Joe McCarthy was a complex, fascinating, and highly controversial figure who left an indelible mark on the political life of America in the late 1940s and early 1950s, and whose influence is still felt today. This book will explore the questions about him that the cartoon raises, and many others. The story does not begin in Washington, D.C., where Joe McCarthy reached his zenith, but in the tiny farm community of Grand Chute, Wisconsin, where he was born on November 15, 1908, the fifth of seven children.
The McCarthy family's farm near Grand Chute, Wisconsin, around 1908, the year of Joe McCarthy's birth. Outagamie County Historical Society, Appleton, Wisconsin
1. Chickens, Groceries, and a High School Diploma
E VEN AS A BOY, Joe McCarthy was ambitious. "Joe always wanted to do something," his younger sister Anna Mae recalled in a 1970s interview. "He never kept still. He was always exploding on something."
Joe grew up in a large Irish American family on his father's 141-acre farm. The farm had been purchased for his father, Tim, by his father, who had emigrated from Ireland during the deadly potato famine of the mid-1800s and homesteaded in Wisconsin in 1855. All the McCarthysTim, his wife Bridget, and their seven childrenhelped to keep the farm going. They raised corn, oats, barley, cabbage, and hay, and had several dozen cows, a coop full of chickens, and a few horses. The 1920s were a prosperous time in America, and the McCarthys did reasonably well, although they never seemed to have any extra money.
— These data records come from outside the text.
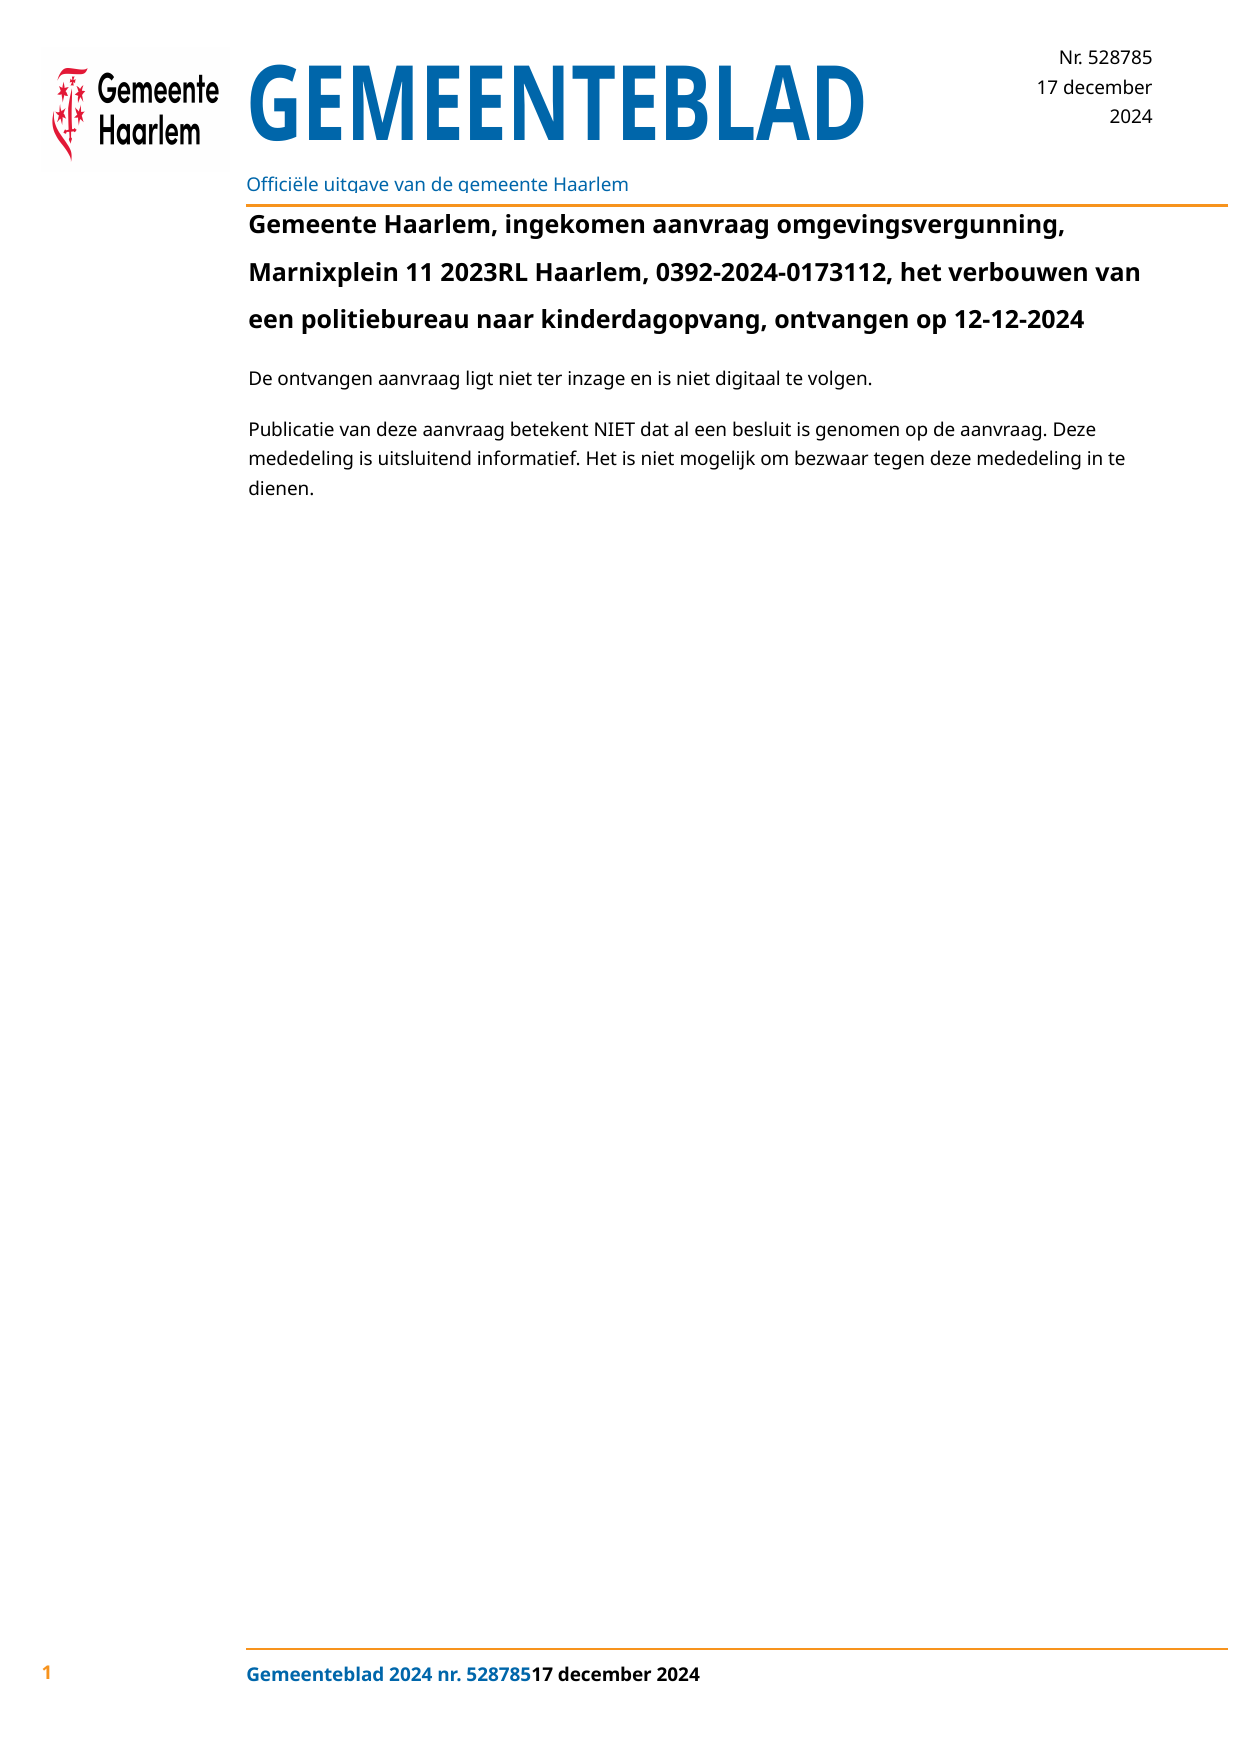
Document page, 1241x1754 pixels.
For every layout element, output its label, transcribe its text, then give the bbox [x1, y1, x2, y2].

text Gemeente Haarlem, ingekomen aanvraag omgevingsvergunning, Marnixplein 11 2023RL Haarlem, 0392-2024-0173112, het verbouwen van een politiebureau naar kinderdagopvang, ontvangen op 12-12-2024 [248, 207, 1152, 336]
text De ontvangen aanvraag ligt niet ter inzage en is niet digitaal te volgen. [248, 366, 1152, 391]
text Publicatie van deze aanvraag betekent NIET dat al een besluit is genomen op de aanvraag. Deze mededeling is uitsluitend informatief. Het is niet mogelijk om bezwaar tegen deze mededeling in te dienen. [248, 416, 1152, 501]
picture [41, 47, 231, 172]
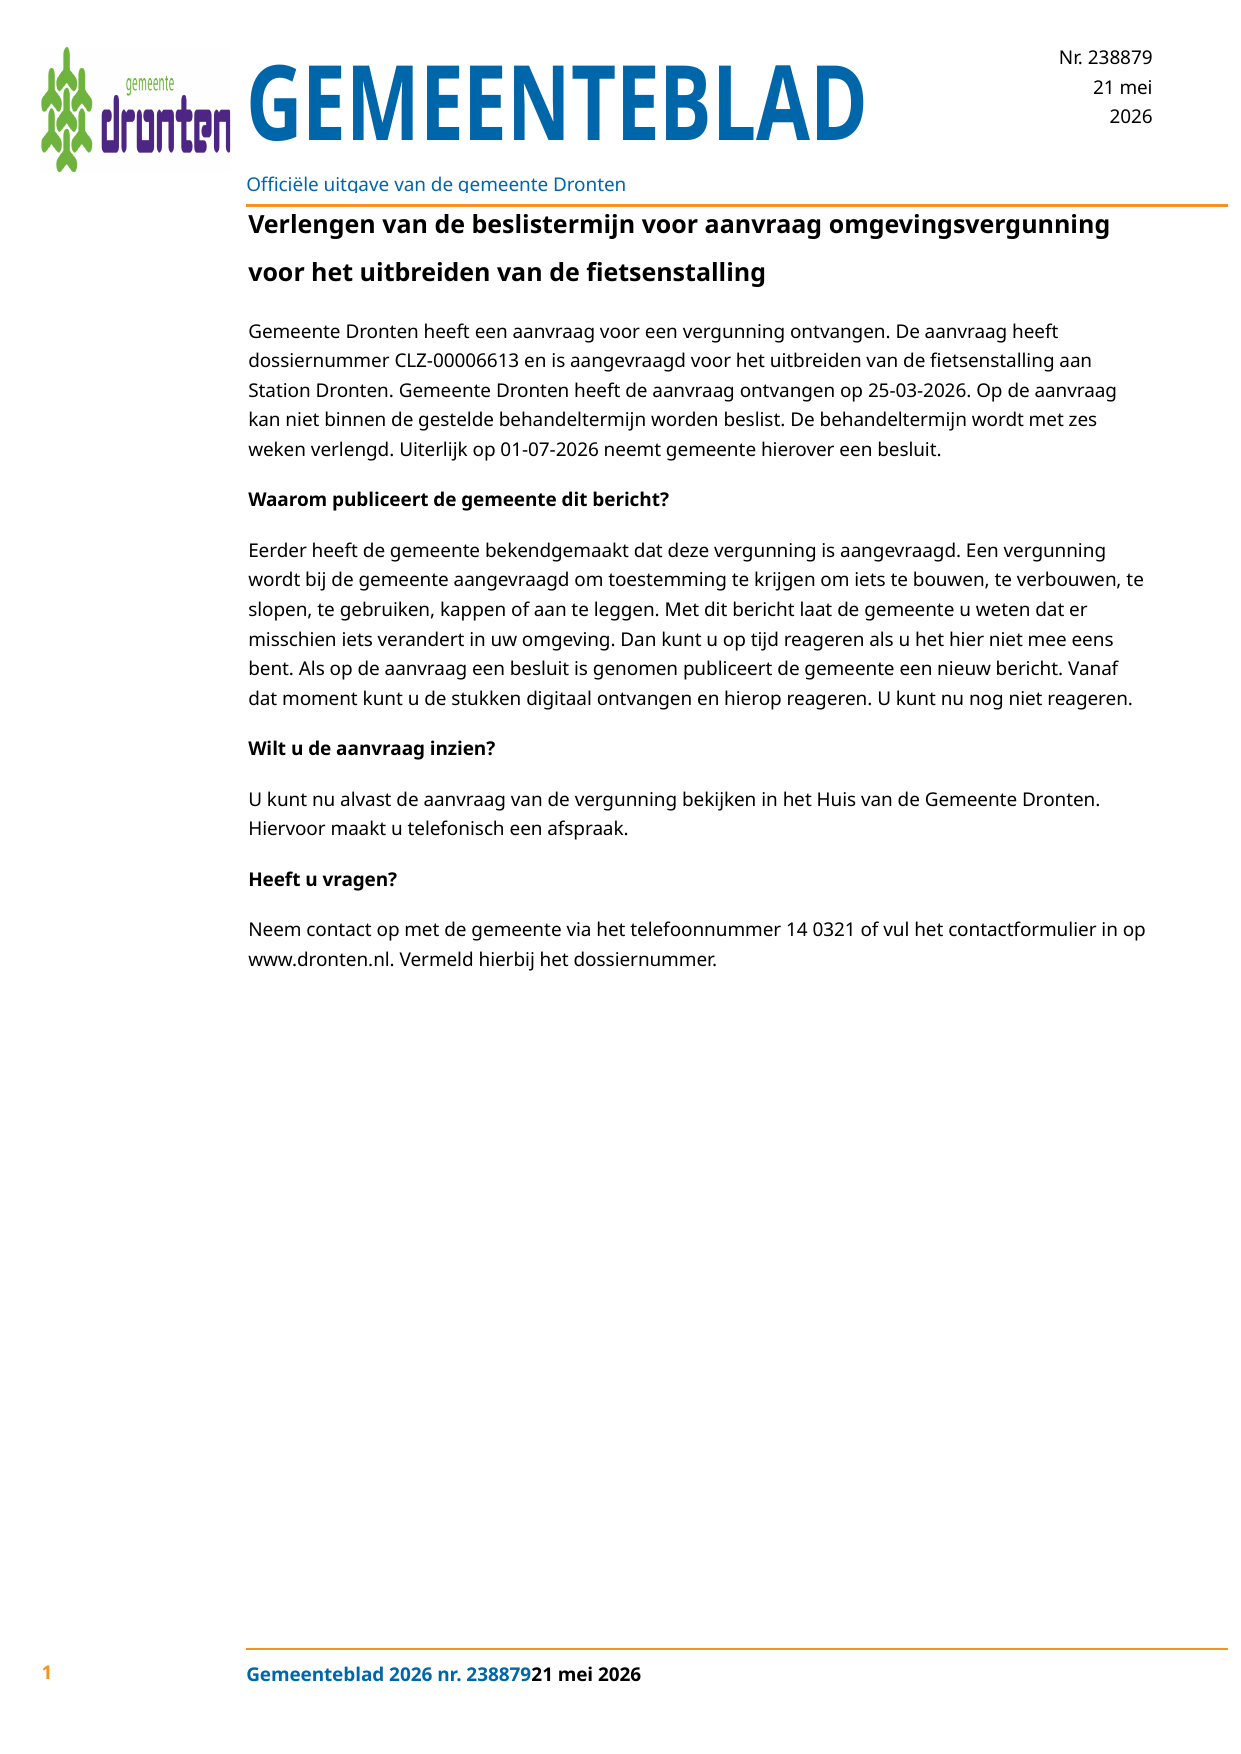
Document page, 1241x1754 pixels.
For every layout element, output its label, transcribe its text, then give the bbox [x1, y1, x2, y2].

text Neem contact op met de gemeente via het telefoonnummer 14 0321 of vul het contactformulier in op www.dronten.nl. Vermeld hierbij het dossiernummer. [248, 916, 1152, 972]
picture [41, 47, 231, 172]
text Waarom publiceert de gemeente dit bericht? [248, 487, 1152, 512]
text Gemeente Dronten heeft een aanvraag voor een vergunning ontvangen. De aanvraag heeft dossiernummer CLZ-00006613 en is aangevraagd voor het uitbreiden van de fietsenstalling aan Station Dronten. Gemeente Dronten heeft de aanvraag ontvangen op 25-03-2026. Op de aanvraag kan niet binnen de gestelde behandeltermijn worden beslist. De behandeltermijn wordt met zes weken verlengd. Uiterlijk op 01-07-2026 neemt gemeente hierover een besluit. [248, 318, 1152, 462]
text U kunt nu alvast de aanvraag van de vergunning bekijken in het Huis van de Gemeente Dronten. Hiervoor maakt u telefonisch een afspraak. [248, 786, 1152, 841]
text Verlengen van de beslistermijn voor aanvraag omgevingsvergunning voor het uitbreiden van de fietsenstalling [248, 207, 1152, 288]
text Heeft u vragen? [248, 866, 1152, 892]
text Eerder heeft de gemeente bekendgemaakt dat deze vergunning is aangevraagd. Een vergunning wordt bij de gemeente aangevraagd om toestemming te krijgen om iets te bouwen, te verbouwen, te slopen, te gebruiken, kappen of aan te leggen. Met dit bericht laat de gemeente u weten dat er misschien iets verandert in uw omgeving. Dan kunt u op tijd reageren als u het hier niet mee eens bent. Als op de aanvraag een besluit is genomen publiceert de gemeente een nieuw bericht. Vanaf dat moment kunt u de stukken digitaal ontvangen en hierop reageren. U kunt nu nog niet reageren. [248, 537, 1152, 711]
text Wilt u de aanvraag inzien? [248, 735, 1152, 761]

They were a close family. The boys worked with Tim in the fields and the cattle barn, while the girls helped Bridget with the household chores. Every Sunday, even in the snows of midwinter, the family drove to the nearby town of Appleton to attend mass at St. Mary's Roman Catholic Church.
When he was seven, Joe entered Underhill Elementary School, about a mile south of the McCarthy farm. It was a one-room schoolhouse in which a single teacher taught all eight grades, usually between twenty and thirty students. Joe was no scholar, but he had a quick mind and an excellent memory, and always got decent grades. He completed the seventh and eighth grades in just one year, and graduated in 1923 at the age of fourteen.
Joe was a good-looking boy whose features reflected his Irish heritage. Thick black hair topped his broad face. He had heavy eyebrows, blue eyes, and pale skin. Although he loved a good joke and laughed a lot, his expression could change in a flash from a smile to a frown.
Joe McCarthy (at right, in shadow), with his brothers William (left) and Howard (center) on the family farm.